Safe AV-human interaction

The variability in driver involvement with current Driver Control Assistance Systems (DCAS) and Level 3 Automated Lane Keeping Systems (ALKS) poses a significant challenge for the industry. Drivers must be prepared to take over the wheel at any moment, necessitating a thorough understanding of driver situational awareness and mental engagement.

Current legislation regarding Driver Control Assistance Systems (DCAS) may inadvertently foster misplaced trust in automated driving systems' situational awareness. While regulations focus on physical and visual engagement (e.g., 'eyes on the road, hands on the wheel'), mental engagement of the driver is equally critical. Ensuring that drivers are mentally engaged and capable of taking control promptly when needed is essential for safe automated driving.

At TNO, we are dedicated to developing innovative methodologies for assessing driver awareness. By monitoring and analysing driver behaviour and awareness in specific driving situations, we aim to determine the driver's readiness for a safe transition of control. Through these efforts, we seek to establish a comprehensive model that assesses driver awareness, including mental engagement, to enhance the safety of automated driving systems.

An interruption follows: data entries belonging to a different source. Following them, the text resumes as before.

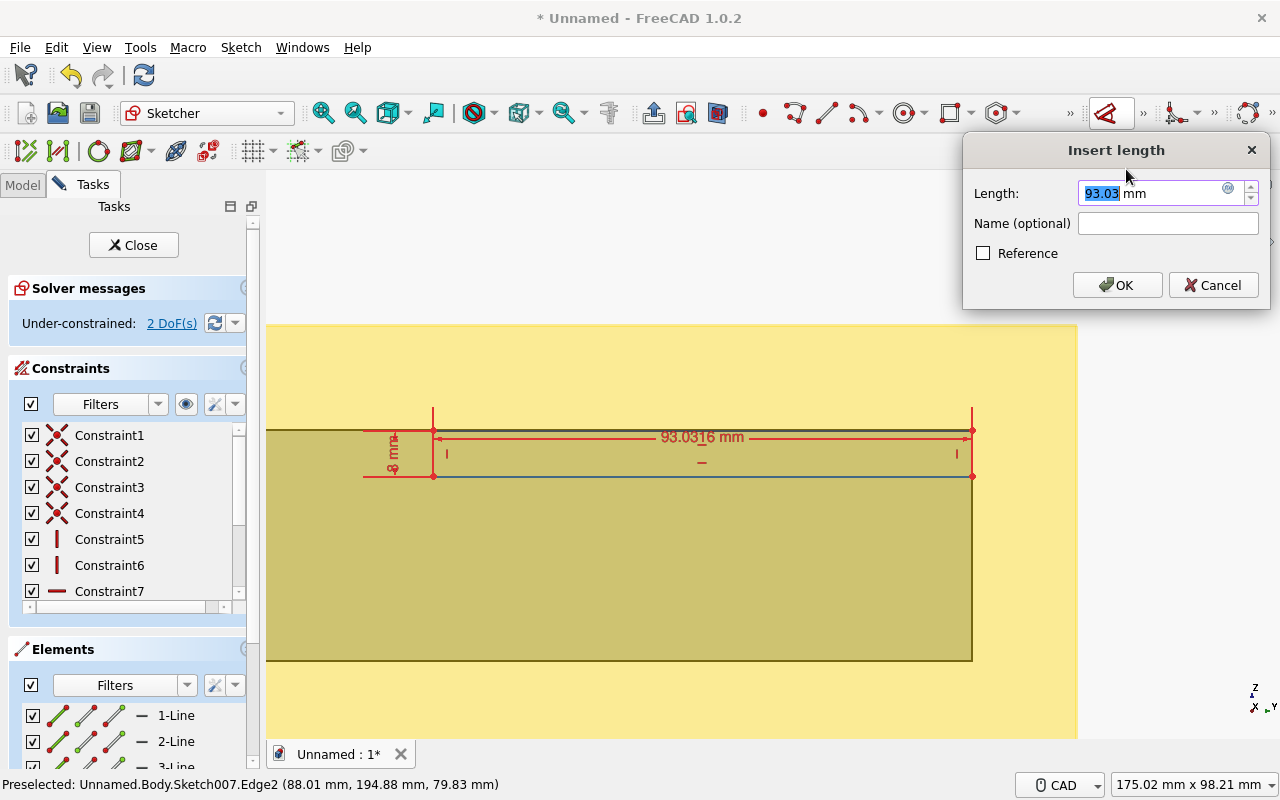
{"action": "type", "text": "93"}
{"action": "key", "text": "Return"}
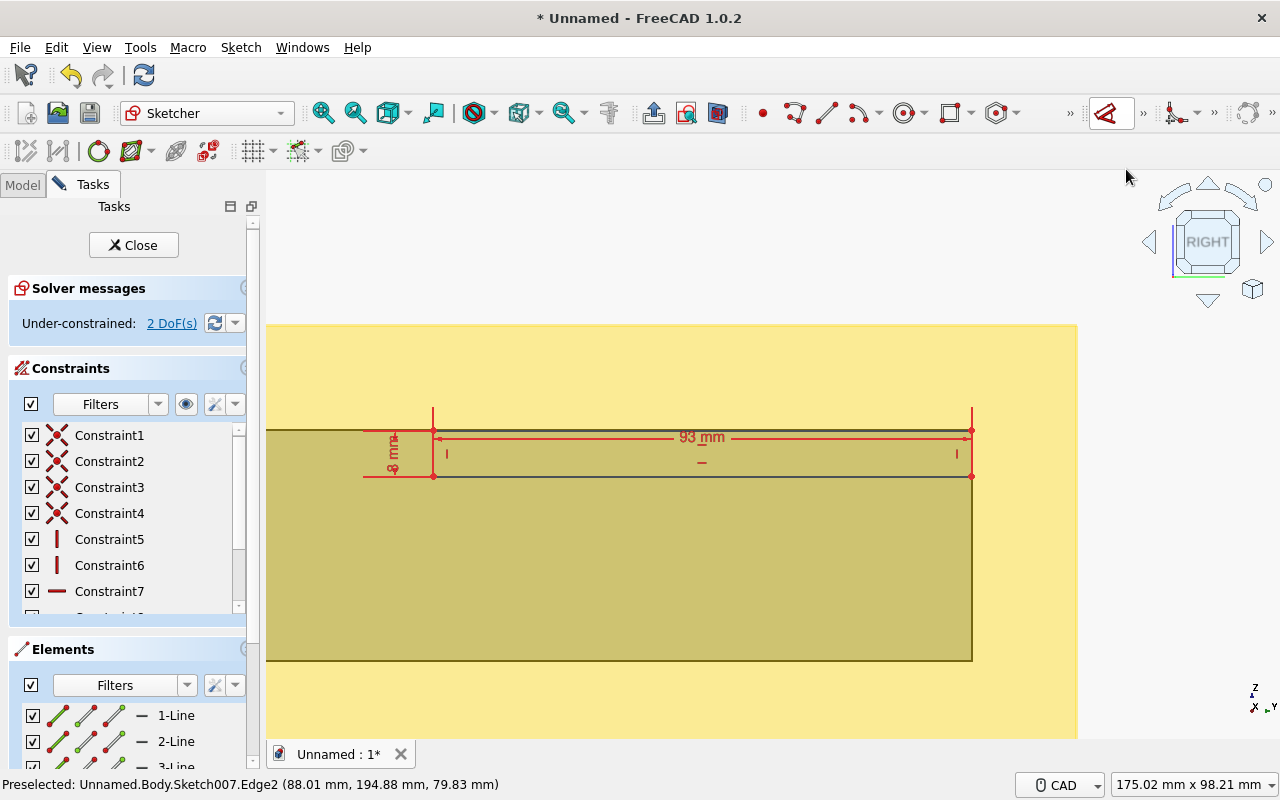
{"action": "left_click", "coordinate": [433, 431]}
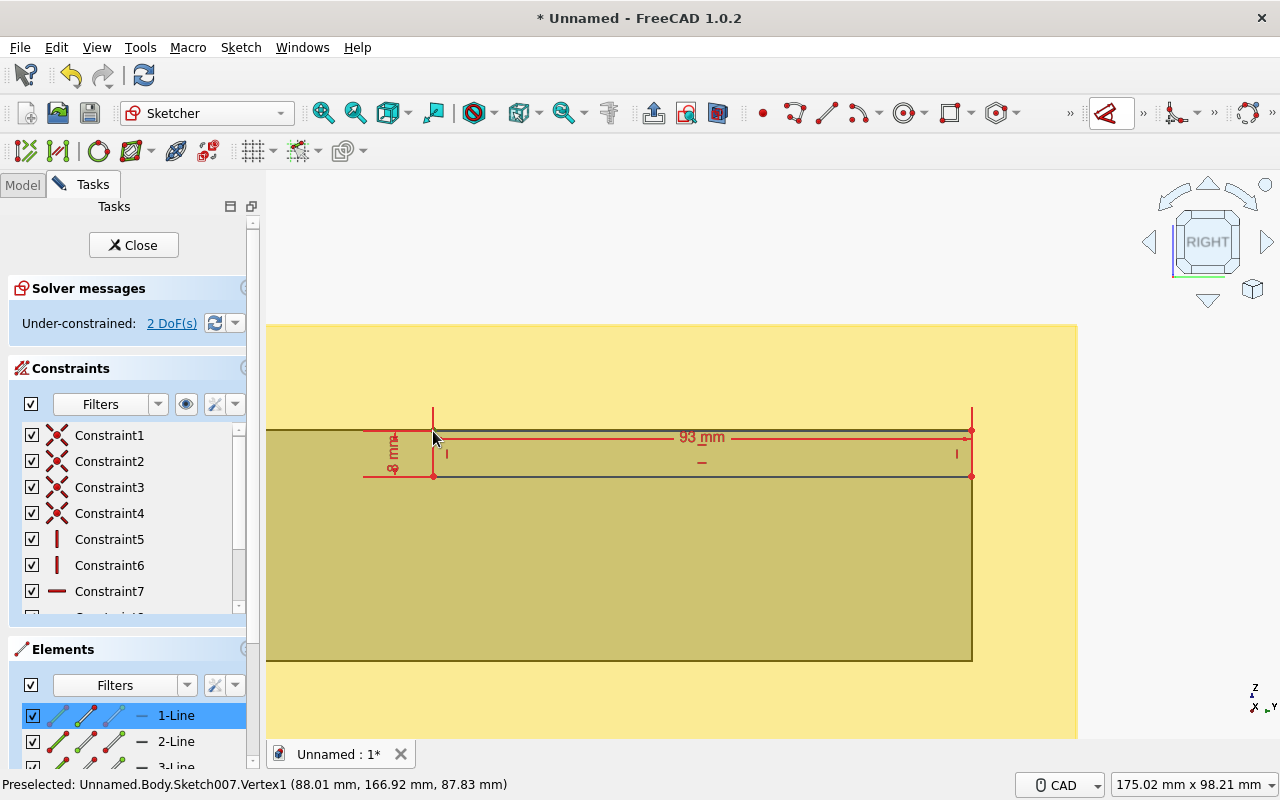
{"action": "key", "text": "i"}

To conduct this research, TNO leverages its expertise in automated vehicle technology, understanding its weaknesses, and combines this with knowledge of behavioural psychology. Additionally, TNO offers unique research facilities, including driving simulators and driver monitoring equipment, to investigate and advance methods for assessing driver awareness and readiness in automated driving scenarios. This interdisciplinary approach allows TNO to develop effective solutions that enhance the safety of automated driving.

Vehicle safety is not just about accident statistics, but also about perceived safety and a safe driving style. For a smooth adoption of automated driving it is essential to establish trust with other road users.

The recently introduced European regulations for automated driving systems, such as Automated Lane Keeping Systems (ALKS) and Driver Control Assistance Systems (DCAS), contain abstract guidelines that allow for various interpretations. These regulations require automated systems to exhibit 'responsible, predictable, and conflict-avoiding behaviour' and should be capable of handling 'foreseeable events'.

The challenge for the industry and authorities is to translate these subjective guidelines, which are difficult to assess, into objective engineering requirements and specific automated driving characteristics. Clear guidelines for the industry and authorities help build confidence in the reliability and performance of automated systems.

With StreetProof, TNO offers a unique solution by developing technical requirements to achieve this Safe & Social driving style. As opposed to our scenario based safety assessment programme, aimed at detecting and preventing unsafe behaviour, this innovation programme focuses on adopting driving behaviour that contributes to road safety. We have succeeded in translating formal and informal guidelines for driving behaviour into mathematical formulas, allowing us to create behavioural models from various sources of real-world driving data. These models are then converted into technical specifications. Subsequently, we use human evaluation to assess whether this driving behaviour is acceptable or not.

The advancement of automated driving has significantly raised awareness in the automotive industry regarding motion sickness. With drivers transitioning to passengers in self-driving cars, there is a heightened susceptibility to motion sickness among occupants. This shift has prompted increased focus on addressing motion sickness as a critical consideration in the development of automated vehicles.

Motion sickness has been a longstanding issue associated with car travel, affecting passengers more frequently than drivers. Studies suggest that up to 62% of passengers experience motion sickness, compared to about 24% of drivers. In self-driving vehicles, more individuals are likely to encounter motion sickness. Addressing this issue is crucial for the successful adoption of automated driving technologies. Without targeted interventions, motion sickness could pose significant challenges to the widespread acceptance of autonomous vehicles.

TNO has extensive expertise in researching motion sickness and collaborates closely with industry partners to develop effective solutions for addressing this issue in the development of self-driving vehicles. Car manufacturers are leveraging TNO's models to predict motion sickness, allowing considerations of well-being and comfort in programming the driving behaviour of autonomous vehicles. Safety is also a critical aspect, ensuring that drivers are capable of taking over the driving task when needed.

In addition to physical motion sickness, TNO also specialises in cybersickness, which is relevant given the expected increase in virtual reality (VR) applications in cars due to automated driving. The combination of physical and virtual motion sickness presents new challenges and TNO's expertise is instrumental in navigating this emerging area.

The expertise and facilities at TNO to research driving comfort and motion sickness are unparalleled globally. With a multidisciplinary team of human factors experts and state-of-the-art facilities, including a one-of-a-kind three-dimensional motion simulator, TNO possesses unique capabilities for research and development in the field of human factors and motion simulation.